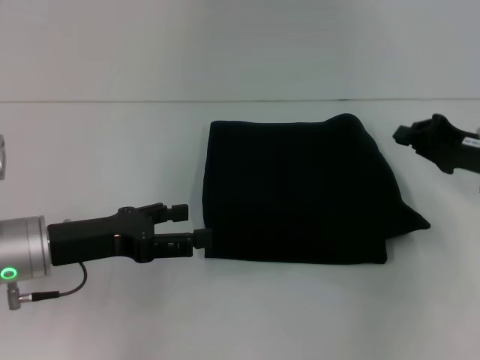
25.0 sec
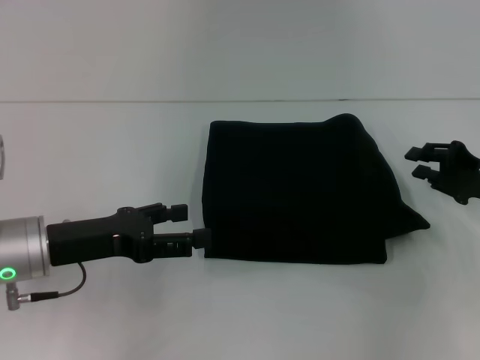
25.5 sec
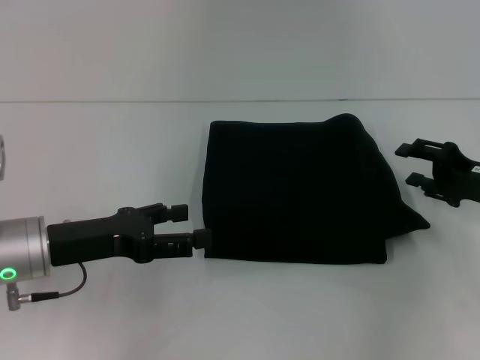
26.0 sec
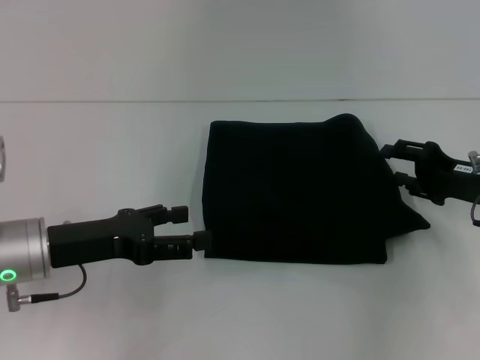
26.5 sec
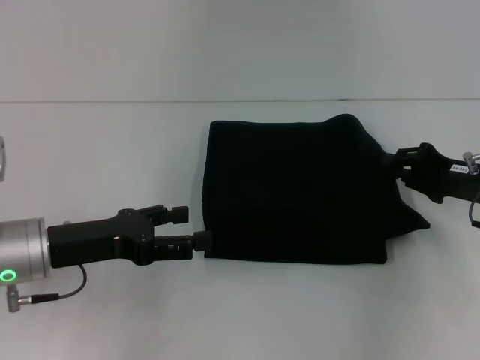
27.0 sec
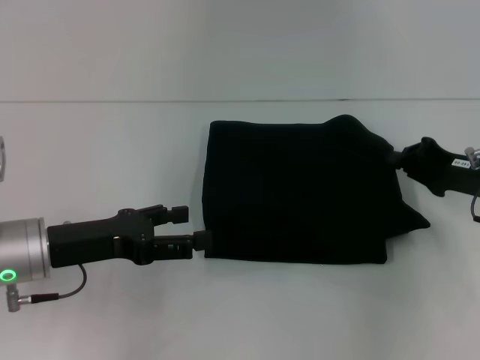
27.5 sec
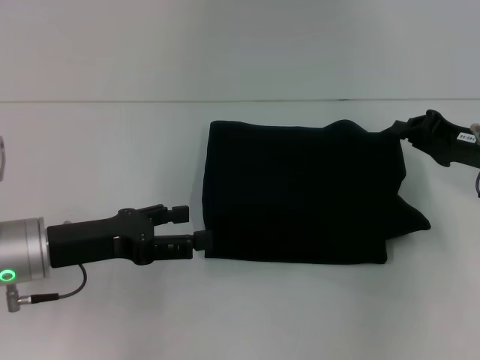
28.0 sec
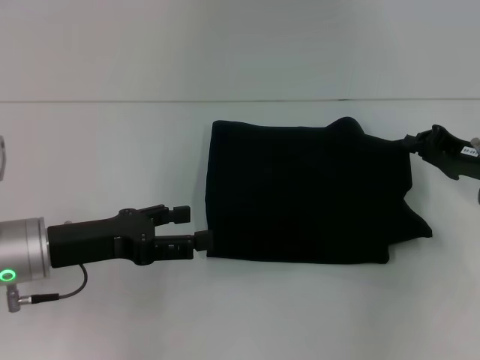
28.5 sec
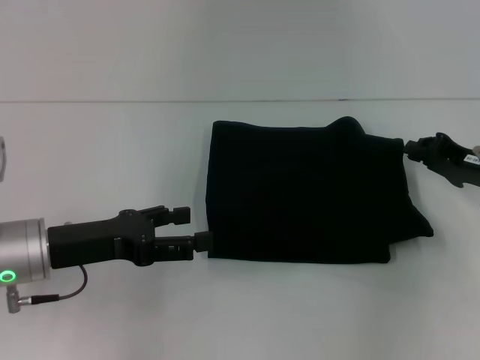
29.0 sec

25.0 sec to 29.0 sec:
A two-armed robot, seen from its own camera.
25.0 sec to 27.0 sec: The right gripper opens its fingers.
27.0 sec to 29.0 sec: The right gripper closes its fingers.

·····

* DESCRIPTION OF THE TASK *
Restate the listing word for word and drop the pictures.

* OUTPUT FOR THIS EXERCISE *
25.0 sec
25.5 sec
26.0 sec
26.5 sec
27.0 sec
27.5 sec
28.0 sec
28.5 sec
29.0 sec

25.0 sec to 29.0 sec:
A two-armed robot, seen from its own camera.
25.0 sec to 27.0 sec: The right gripper opens its fingers.
27.0 sec to 29.0 sec: The right gripper closes its fingers.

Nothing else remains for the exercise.